**What you have to do**. Every line of the records below from the line with "Offer a very short reply. 0.81." up to and including the line with "Your answer should be compact. 0.8." must be reproduced exactly, and no line outside that range.

**Material provided**.
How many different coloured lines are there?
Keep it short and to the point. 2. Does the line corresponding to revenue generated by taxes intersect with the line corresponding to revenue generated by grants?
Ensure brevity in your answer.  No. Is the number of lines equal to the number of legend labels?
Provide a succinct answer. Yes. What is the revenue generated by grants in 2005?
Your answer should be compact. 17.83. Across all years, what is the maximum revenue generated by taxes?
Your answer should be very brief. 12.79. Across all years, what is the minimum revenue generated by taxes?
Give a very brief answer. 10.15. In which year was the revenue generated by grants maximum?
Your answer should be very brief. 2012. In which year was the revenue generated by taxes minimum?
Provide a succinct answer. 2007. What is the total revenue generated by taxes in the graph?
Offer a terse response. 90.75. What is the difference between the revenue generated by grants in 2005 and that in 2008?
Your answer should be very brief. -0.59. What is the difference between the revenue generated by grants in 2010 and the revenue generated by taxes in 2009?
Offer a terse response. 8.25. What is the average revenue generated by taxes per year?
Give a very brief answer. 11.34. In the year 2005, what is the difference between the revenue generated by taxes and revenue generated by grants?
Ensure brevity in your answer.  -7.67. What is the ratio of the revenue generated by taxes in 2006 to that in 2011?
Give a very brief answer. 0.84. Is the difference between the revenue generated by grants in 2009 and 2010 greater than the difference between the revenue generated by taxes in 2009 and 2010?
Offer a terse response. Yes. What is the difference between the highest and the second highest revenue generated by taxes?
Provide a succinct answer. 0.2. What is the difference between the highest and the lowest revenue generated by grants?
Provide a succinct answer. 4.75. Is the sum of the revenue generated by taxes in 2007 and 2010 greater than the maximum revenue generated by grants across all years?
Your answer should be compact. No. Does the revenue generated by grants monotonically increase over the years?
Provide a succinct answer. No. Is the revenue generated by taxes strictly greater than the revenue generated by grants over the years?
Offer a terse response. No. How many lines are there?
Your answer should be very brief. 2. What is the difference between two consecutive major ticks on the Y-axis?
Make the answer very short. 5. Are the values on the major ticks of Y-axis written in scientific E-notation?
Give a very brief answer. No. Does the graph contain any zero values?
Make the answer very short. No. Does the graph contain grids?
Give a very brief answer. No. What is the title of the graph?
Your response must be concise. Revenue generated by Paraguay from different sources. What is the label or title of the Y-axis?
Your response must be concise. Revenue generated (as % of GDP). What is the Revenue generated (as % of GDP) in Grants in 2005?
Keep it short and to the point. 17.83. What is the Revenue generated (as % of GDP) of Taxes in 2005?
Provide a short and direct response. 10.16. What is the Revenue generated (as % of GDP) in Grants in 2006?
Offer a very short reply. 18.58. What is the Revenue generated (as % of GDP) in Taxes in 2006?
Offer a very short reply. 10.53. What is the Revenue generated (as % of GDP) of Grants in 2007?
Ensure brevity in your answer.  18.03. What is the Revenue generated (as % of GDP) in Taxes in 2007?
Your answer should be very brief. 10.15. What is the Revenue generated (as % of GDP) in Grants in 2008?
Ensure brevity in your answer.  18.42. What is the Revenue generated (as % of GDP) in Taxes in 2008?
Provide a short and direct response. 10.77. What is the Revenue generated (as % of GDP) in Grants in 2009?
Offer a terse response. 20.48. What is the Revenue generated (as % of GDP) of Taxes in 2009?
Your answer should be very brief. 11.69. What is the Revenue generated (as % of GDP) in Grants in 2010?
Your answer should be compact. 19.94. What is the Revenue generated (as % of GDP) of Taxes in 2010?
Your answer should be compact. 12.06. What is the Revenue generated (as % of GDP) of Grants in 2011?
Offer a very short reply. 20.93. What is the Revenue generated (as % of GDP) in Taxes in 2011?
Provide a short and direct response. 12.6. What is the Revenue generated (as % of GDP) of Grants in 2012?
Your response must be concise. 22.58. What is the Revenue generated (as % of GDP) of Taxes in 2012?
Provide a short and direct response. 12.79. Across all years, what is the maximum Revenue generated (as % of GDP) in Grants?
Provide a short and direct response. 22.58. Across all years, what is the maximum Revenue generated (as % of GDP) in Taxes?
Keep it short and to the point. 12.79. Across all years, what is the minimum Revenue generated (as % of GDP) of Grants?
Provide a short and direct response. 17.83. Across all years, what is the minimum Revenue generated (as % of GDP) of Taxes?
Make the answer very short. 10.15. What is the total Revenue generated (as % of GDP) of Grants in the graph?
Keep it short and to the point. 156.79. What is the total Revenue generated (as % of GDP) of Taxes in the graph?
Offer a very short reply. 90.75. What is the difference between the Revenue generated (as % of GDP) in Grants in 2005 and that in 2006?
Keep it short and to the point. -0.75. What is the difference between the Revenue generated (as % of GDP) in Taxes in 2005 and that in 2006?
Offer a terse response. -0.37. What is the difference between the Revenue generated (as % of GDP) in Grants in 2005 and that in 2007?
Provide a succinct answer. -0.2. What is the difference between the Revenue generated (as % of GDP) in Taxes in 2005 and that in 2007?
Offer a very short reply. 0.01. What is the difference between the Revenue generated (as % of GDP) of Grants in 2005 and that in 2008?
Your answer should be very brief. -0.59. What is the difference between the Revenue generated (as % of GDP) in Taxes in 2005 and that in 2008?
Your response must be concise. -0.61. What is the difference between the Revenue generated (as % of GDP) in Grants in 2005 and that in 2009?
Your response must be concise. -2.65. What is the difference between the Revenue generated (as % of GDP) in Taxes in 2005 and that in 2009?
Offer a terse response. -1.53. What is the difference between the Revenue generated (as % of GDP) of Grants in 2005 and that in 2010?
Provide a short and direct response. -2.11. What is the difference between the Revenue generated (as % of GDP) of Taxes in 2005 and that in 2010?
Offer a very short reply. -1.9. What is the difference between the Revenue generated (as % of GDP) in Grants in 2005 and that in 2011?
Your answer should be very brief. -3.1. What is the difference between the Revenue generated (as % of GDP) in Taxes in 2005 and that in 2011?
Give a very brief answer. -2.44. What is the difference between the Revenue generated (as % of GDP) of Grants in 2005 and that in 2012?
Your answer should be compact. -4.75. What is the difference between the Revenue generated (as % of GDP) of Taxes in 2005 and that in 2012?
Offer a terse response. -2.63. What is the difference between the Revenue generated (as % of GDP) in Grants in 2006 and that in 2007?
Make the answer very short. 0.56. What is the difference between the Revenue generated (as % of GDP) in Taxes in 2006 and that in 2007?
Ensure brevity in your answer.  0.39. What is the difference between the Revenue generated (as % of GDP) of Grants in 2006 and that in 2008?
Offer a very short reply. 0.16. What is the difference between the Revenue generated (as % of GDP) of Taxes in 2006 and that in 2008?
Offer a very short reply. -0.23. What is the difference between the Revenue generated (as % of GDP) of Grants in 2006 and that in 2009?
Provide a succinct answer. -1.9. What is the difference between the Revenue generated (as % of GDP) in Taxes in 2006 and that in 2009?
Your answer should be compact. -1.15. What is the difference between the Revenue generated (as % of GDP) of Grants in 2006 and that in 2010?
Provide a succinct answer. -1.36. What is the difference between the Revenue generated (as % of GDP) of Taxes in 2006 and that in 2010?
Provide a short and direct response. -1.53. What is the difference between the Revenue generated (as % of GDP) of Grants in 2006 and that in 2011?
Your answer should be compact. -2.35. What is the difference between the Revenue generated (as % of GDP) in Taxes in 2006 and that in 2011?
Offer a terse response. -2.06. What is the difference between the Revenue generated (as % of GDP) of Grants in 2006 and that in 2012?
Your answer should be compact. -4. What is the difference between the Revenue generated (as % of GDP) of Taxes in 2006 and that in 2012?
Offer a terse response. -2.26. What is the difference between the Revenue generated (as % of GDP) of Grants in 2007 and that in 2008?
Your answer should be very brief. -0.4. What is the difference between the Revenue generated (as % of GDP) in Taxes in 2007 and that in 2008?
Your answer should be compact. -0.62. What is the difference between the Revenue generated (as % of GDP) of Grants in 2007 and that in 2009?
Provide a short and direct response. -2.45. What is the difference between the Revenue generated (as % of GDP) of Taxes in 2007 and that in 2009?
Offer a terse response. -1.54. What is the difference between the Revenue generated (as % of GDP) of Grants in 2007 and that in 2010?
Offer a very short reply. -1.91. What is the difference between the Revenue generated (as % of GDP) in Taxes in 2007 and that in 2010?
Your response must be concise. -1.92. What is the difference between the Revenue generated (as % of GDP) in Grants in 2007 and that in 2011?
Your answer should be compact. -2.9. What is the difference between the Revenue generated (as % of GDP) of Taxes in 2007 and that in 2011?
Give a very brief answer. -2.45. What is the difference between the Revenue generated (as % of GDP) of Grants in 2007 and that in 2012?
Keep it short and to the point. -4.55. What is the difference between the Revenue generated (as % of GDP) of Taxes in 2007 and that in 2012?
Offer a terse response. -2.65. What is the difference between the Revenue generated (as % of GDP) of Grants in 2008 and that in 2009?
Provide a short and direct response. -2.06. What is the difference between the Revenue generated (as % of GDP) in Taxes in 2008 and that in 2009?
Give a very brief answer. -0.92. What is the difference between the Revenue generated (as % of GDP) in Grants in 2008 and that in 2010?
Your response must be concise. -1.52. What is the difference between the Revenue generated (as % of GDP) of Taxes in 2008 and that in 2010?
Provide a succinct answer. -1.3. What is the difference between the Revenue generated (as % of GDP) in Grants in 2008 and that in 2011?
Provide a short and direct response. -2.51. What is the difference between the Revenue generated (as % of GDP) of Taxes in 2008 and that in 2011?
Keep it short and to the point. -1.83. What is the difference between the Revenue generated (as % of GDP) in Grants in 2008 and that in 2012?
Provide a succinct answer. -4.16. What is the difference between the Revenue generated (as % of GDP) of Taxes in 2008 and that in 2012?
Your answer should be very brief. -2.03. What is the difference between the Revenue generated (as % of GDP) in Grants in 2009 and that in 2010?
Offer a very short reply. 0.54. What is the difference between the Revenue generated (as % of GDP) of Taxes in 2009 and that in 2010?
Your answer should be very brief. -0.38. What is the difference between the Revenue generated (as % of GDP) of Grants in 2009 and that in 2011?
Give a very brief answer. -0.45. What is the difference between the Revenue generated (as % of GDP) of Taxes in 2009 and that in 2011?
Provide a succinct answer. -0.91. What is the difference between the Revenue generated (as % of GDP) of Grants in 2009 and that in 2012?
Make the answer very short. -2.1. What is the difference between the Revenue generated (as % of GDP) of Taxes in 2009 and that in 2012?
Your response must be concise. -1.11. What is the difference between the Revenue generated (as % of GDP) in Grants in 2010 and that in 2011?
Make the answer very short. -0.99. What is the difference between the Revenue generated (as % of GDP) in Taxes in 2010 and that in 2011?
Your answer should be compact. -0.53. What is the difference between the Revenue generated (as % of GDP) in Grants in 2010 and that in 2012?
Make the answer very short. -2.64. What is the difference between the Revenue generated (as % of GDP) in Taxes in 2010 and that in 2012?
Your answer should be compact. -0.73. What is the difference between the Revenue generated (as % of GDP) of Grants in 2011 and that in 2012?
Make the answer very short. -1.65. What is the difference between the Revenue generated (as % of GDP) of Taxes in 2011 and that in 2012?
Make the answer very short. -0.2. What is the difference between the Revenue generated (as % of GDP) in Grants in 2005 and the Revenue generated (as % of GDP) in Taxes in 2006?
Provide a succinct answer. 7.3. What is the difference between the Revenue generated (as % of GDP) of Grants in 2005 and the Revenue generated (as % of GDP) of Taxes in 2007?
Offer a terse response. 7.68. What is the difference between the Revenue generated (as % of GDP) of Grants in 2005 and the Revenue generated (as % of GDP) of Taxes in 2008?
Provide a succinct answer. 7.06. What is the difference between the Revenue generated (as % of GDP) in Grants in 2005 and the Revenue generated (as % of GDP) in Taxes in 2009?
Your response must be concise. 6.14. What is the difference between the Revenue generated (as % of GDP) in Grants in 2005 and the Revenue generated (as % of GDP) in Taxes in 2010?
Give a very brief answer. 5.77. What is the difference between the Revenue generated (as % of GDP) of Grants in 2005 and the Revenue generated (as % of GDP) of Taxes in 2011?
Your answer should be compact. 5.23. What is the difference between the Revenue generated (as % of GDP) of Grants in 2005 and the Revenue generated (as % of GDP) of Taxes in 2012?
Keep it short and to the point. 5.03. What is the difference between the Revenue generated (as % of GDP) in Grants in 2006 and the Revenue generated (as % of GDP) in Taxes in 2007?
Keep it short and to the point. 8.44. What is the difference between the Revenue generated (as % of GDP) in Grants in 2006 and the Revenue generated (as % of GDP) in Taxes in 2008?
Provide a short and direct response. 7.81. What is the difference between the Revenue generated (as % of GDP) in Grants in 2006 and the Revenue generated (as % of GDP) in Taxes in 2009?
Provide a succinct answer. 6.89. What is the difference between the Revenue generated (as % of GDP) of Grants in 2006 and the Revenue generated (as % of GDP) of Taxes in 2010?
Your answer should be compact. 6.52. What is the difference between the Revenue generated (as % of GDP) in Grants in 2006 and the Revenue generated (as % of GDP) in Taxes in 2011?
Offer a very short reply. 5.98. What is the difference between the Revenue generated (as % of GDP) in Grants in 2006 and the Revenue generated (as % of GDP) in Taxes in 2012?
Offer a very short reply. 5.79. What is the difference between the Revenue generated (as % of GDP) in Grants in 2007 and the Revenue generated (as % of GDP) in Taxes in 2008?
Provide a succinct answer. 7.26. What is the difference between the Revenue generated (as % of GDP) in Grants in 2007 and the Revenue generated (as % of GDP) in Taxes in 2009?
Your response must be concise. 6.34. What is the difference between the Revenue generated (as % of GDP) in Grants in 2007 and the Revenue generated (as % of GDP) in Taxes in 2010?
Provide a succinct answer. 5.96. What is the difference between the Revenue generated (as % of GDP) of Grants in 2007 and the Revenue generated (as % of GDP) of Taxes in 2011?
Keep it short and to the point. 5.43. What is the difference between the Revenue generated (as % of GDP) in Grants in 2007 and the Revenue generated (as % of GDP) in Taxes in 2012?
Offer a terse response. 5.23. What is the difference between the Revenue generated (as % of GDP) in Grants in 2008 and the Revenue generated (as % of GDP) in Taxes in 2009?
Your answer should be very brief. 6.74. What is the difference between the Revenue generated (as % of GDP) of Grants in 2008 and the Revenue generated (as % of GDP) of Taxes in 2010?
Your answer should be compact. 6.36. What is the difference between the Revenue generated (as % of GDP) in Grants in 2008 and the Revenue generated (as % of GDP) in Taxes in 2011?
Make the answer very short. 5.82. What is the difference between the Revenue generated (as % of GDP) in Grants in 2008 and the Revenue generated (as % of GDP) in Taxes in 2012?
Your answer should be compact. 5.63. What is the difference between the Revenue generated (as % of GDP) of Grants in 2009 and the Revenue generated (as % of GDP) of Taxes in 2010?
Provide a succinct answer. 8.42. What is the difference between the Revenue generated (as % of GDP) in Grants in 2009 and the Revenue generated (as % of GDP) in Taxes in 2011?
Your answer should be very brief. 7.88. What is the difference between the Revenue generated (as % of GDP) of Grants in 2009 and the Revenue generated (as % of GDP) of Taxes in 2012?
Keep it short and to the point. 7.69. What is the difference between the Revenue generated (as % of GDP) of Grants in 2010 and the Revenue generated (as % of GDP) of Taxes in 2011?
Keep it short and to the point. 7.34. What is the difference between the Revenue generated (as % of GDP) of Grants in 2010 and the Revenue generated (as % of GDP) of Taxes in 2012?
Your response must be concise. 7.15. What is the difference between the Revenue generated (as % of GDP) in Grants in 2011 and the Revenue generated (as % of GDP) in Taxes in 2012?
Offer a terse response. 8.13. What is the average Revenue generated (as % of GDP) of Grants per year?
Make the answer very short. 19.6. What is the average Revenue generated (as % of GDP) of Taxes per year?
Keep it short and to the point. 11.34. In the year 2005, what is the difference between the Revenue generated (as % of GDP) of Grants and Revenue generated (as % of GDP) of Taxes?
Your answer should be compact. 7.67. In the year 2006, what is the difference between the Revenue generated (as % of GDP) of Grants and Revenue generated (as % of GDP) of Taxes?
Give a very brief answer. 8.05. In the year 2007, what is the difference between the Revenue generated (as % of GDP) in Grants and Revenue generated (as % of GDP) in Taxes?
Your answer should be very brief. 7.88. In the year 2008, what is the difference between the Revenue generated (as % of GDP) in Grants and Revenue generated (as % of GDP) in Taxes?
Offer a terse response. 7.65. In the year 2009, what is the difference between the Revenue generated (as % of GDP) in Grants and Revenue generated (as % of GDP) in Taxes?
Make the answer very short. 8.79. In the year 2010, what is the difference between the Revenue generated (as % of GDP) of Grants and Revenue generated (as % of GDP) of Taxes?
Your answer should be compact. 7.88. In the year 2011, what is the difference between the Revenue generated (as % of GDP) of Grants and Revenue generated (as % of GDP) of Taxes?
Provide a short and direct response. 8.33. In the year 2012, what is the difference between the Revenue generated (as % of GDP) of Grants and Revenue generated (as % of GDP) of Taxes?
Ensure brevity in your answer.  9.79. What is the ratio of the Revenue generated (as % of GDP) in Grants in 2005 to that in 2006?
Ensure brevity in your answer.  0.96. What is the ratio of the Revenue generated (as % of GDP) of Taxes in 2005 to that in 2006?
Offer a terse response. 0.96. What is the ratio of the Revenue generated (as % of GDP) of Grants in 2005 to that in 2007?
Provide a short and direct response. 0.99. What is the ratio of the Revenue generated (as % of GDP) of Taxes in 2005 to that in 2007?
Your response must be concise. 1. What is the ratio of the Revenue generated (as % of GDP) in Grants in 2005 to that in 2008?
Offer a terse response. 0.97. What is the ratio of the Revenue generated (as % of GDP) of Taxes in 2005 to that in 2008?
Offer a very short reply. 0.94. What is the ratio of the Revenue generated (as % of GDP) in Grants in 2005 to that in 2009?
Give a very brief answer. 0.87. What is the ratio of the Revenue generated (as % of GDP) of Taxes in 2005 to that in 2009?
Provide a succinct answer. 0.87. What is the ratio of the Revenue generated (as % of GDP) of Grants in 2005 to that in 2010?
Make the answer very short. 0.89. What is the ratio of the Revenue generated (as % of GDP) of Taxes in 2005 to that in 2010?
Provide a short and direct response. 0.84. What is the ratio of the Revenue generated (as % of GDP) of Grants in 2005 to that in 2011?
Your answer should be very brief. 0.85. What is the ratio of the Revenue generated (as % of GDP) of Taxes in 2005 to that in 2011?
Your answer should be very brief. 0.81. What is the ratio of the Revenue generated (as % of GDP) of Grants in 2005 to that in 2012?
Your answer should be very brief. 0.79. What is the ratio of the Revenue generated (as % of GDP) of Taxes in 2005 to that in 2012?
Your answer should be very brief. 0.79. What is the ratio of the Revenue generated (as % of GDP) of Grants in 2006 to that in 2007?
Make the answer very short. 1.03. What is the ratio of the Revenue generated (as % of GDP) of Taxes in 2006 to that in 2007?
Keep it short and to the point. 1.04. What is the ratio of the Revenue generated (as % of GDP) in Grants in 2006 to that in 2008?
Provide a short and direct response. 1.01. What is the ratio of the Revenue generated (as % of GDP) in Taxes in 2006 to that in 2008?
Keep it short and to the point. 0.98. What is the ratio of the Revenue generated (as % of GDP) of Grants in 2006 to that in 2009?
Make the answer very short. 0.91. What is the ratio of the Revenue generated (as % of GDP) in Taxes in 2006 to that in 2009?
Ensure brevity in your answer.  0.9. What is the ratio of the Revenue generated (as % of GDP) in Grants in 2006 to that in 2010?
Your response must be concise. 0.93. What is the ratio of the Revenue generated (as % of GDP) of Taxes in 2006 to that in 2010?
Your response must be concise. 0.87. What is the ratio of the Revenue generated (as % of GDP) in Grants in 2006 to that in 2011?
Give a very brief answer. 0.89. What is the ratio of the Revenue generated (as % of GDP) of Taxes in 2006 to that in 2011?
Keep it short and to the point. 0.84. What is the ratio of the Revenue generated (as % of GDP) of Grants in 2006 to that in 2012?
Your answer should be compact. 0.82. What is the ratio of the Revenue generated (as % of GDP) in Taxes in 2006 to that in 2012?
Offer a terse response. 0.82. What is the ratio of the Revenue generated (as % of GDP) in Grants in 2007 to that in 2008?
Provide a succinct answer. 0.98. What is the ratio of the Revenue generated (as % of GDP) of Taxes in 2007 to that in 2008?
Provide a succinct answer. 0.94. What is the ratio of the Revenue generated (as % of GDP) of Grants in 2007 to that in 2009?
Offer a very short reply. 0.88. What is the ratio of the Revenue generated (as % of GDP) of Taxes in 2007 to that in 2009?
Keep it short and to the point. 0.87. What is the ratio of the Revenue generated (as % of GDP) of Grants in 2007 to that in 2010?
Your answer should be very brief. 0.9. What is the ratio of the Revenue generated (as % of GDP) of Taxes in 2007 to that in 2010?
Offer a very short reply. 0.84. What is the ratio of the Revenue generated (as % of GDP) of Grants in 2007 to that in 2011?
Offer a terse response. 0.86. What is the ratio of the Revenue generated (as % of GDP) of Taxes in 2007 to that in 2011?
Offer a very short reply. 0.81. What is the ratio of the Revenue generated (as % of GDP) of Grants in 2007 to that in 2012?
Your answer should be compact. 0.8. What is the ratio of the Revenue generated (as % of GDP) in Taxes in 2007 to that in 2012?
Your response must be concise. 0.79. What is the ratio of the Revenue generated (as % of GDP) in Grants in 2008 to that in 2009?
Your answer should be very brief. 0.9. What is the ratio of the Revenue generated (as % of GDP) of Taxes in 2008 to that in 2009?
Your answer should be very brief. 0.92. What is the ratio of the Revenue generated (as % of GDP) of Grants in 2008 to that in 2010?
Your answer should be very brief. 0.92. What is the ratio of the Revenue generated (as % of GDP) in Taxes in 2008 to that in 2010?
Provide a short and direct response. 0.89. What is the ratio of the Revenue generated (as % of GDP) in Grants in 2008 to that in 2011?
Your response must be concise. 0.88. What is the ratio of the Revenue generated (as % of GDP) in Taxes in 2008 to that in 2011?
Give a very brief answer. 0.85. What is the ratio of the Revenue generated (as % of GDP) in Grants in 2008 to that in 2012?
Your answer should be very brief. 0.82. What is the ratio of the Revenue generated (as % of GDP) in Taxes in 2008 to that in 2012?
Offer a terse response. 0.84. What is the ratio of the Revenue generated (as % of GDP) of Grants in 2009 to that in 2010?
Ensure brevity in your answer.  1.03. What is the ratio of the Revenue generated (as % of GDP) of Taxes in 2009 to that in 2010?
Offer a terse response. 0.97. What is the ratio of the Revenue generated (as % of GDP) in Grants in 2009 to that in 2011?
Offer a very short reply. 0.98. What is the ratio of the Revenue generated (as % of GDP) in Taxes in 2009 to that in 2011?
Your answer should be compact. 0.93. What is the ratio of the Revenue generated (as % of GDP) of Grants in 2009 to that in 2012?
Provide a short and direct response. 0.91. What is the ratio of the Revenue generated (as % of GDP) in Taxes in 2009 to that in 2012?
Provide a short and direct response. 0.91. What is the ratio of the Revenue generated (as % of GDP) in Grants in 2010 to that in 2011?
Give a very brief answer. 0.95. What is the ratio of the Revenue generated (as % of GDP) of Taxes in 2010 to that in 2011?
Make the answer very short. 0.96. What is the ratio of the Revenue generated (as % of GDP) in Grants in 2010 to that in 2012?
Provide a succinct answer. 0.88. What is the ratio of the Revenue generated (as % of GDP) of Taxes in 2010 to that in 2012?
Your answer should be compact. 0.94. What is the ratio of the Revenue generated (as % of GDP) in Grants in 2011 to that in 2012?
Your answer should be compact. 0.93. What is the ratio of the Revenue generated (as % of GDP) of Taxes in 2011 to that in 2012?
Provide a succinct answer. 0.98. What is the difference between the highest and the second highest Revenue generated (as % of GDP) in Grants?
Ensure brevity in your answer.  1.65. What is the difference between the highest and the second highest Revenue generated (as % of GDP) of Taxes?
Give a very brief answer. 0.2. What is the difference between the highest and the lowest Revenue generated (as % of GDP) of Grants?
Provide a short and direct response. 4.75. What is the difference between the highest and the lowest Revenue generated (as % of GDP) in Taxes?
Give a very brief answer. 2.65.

**Reply**.
Offer a very short reply. 0.81. What is the ratio of the Revenue generated (as % of GDP) of Grants in 2007 to that in 2012?
Your answer should be compact. 0.8. What is the ratio of the Revenue generated (as % of GDP) in Taxes in 2007 to that in 2012?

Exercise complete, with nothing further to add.